---
title: Text-to-3d Flux Trellis
emoji: 📉
colorFrom: pink
colorTo: gray
sdk: gradio
sdk_version: 5.16.0
python_version: "3.10"
app_file: app.py
pinned: false
license: mit
short_description: Text to 3D using DeepSeek-R1, FLUX.1-dev and TRELLIS
---

# Text to 3D — from a sentence to a downloadable 3D object

This Space turns a **one-line product idea** into an **interactive, downloadable
3D asset** by chaining three specialised models. It is geared toward *product
design*: describe an object, get a catalogue-style image, then a textured 3D mesh.

## Pipeline

```
Prompt simple ──▶ DeepSeek-R1 ──▶ FLUX.1-dev ──▶ TRELLIS ──▶ Vidéo + GLB
   (texte)         (raisonnement     (image          (objet 3D)
                    + prompt riche)    produit)
```

1. **DeepSeek-R1-Distill-Llama-8B — prompt design (text → text).**
   Acting as a product designer, the model *reasons* about the request (its
   chain-of-thought is shown in a dedicated accordion) and writes a detailed,
   photorealistic prompt for FLUX. Only the final prompt — never the reasoning —
   is forwarded downstream, so the image generator is not polluted by the
   `<think>` trace.

2. **FLUX.1-dev — image generation (text → image).**
   The detailed prompt is rendered as a clean product shot on a white background.
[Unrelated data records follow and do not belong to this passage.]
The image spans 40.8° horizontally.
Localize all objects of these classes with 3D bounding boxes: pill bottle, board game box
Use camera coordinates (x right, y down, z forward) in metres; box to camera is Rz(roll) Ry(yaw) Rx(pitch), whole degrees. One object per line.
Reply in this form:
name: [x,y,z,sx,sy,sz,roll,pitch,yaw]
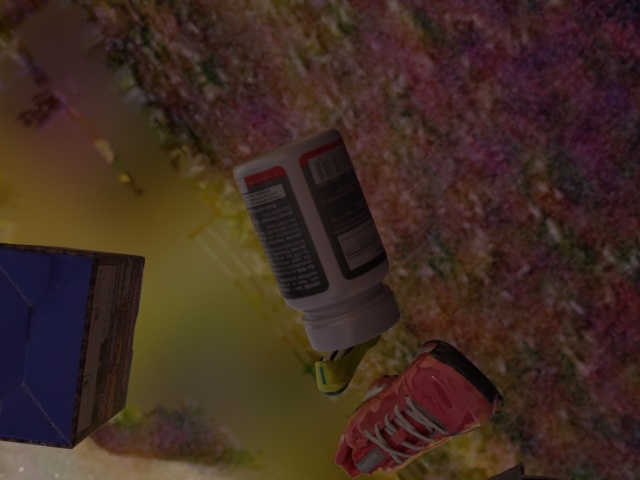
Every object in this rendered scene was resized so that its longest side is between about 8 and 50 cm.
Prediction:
pill bottle: [0.000,0.000,1.208,0.283,0.161,0.161,69,166,-9]
board game box: [-0.342,0.125,1.140,0.141,0.232,0.291,7,178,0]

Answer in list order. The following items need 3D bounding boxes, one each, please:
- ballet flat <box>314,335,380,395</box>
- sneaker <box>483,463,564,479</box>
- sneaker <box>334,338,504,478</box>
ballet flat: [0.049,0.178,1.512,0.077,0.231,0.077,-12,112,30]
sneaker: [0.204,0.269,0.682,0.228,0.132,0.086,52,158,37]
sneaker: [0.104,0.220,1.007,0.116,0.136,0.314,43,153,4]
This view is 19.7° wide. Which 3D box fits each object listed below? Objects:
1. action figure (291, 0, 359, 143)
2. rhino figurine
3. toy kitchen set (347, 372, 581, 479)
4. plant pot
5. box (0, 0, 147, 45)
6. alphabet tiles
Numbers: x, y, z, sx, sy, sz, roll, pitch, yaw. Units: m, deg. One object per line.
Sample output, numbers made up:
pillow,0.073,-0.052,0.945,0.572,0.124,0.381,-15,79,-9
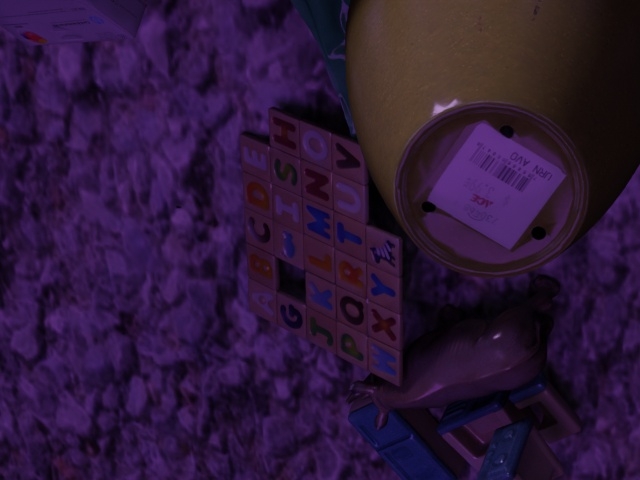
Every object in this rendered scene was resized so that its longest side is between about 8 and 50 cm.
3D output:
action figure,0.060,-0.134,1.591,0.137,0.063,0.232,-4,119,24
rhino figurine,0.116,0.115,1.721,0.243,0.106,0.073,-22,113,34
toy kitchen set,0.121,0.201,1.742,0.207,0.166,0.122,-29,110,36
plant pot,0.136,-0.099,1.395,0.275,0.293,0.274,4,116,7
box,-0.262,-0.228,1.570,0.145,0.038,0.186,2,156,42
alphabet tiles,0.000,0.000,1.690,0.198,0.009,0.237,25,130,37
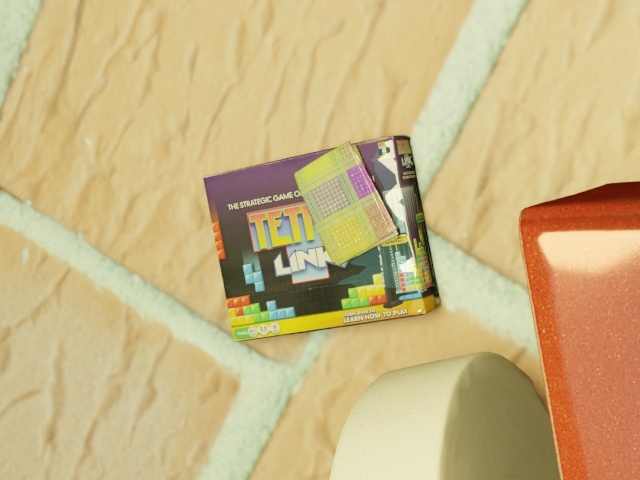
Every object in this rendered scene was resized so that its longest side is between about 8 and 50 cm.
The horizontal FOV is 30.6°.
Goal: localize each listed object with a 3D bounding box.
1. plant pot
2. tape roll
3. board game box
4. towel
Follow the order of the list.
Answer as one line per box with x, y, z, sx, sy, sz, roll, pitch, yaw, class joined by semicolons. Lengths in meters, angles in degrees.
0.287;0.084;0.707;0.236;0.267;0.267;-10;92;25;plant pot
0.115;0.264;0.739;0.072;0.392;0.392;-14;90;23;tape roll
0.000;0.000;0.940;0.170;0.048;0.141;-11;92;23;board game box
0.019;-0.027;0.898;0.060;0.009;0.083;-29;83;22;towel
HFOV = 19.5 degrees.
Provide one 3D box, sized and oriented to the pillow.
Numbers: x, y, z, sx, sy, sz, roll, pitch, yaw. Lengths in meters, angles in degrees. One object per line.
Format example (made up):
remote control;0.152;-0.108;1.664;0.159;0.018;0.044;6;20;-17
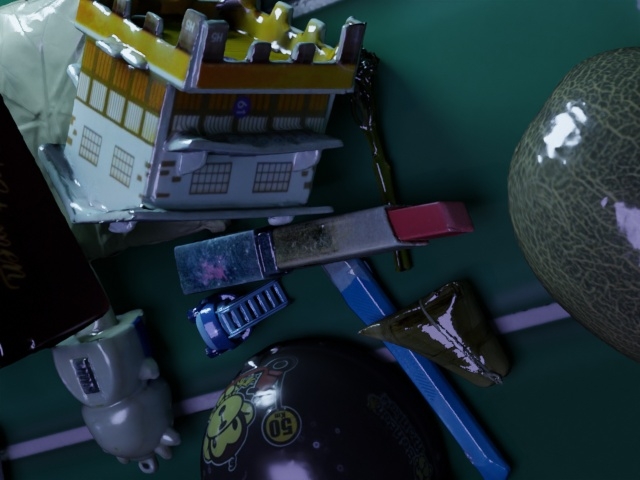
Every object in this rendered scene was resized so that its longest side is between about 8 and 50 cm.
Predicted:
pillow;-0.251;-0.105;1.806;0.281;0.076;0.274;-14;102;32

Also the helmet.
helmet;-0.007;0.237;1.743;0.230;0.160;0.279;-29;91;31

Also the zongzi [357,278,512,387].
zongzi;0.105;0.103;1.687;0.113;0.052;0.104;-28;87;16

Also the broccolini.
broccolini;0.049;-0.075;1.682;0.042;0.044;0.218;-7;109;14

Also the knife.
knife;0.081;0.106;1.728;0.044;0.026;0.296;-37;88;35

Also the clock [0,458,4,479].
clock;-0.451;0.297;2.047;0.248;0.090;0.227;2;108;30

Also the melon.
melon;0.294;-0.015;1.446;0.302;0.237;0.237;37;120;8

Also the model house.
model house;-0.104;-0.117;1.617;0.198;0.224;0.215;29;115;43

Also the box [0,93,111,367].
box;-0.346;-0.005;1.745;0.264;0.116;0.415;64;159;-3

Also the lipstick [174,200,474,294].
lipstick;0.000;0.000;1.693;0.312;0.051;0.051;-12;88;37

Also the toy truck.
toy truck;-0.075;0.069;1.778;0.090;0.073;0.056;-26;94;19

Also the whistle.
whistle;-0.208;0.122;1.850;0.110;0.092;0.244;-12;105;35

3. **TRELLIS (`microsoft/TRELLIS-image-large`) — 3D generation (image → 3D).**
   The image is converted into a 3D asset: a color + normals preview video, and a
   textured **GLB** that is viewable in the interactive 3D viewer and downloadable.

**Why generate an image before the 3D step?** TRELLIS is image-conditioned.
Producing a sharp, well-framed image first yields a much cleaner mesh and texture
than trying to go straight from text to 3D.

## Using the Space

- **Générer tout** runs the whole pipeline in one click, with a per-step status.
- Each stage also has its own button to replay it in isolation.
- The **Galerie** tab shows pre-rendered examples for an instant preview even when
  the ZeroGPU GPU is cold.
- The **Comment ça marche** tab documents the pipeline in-app.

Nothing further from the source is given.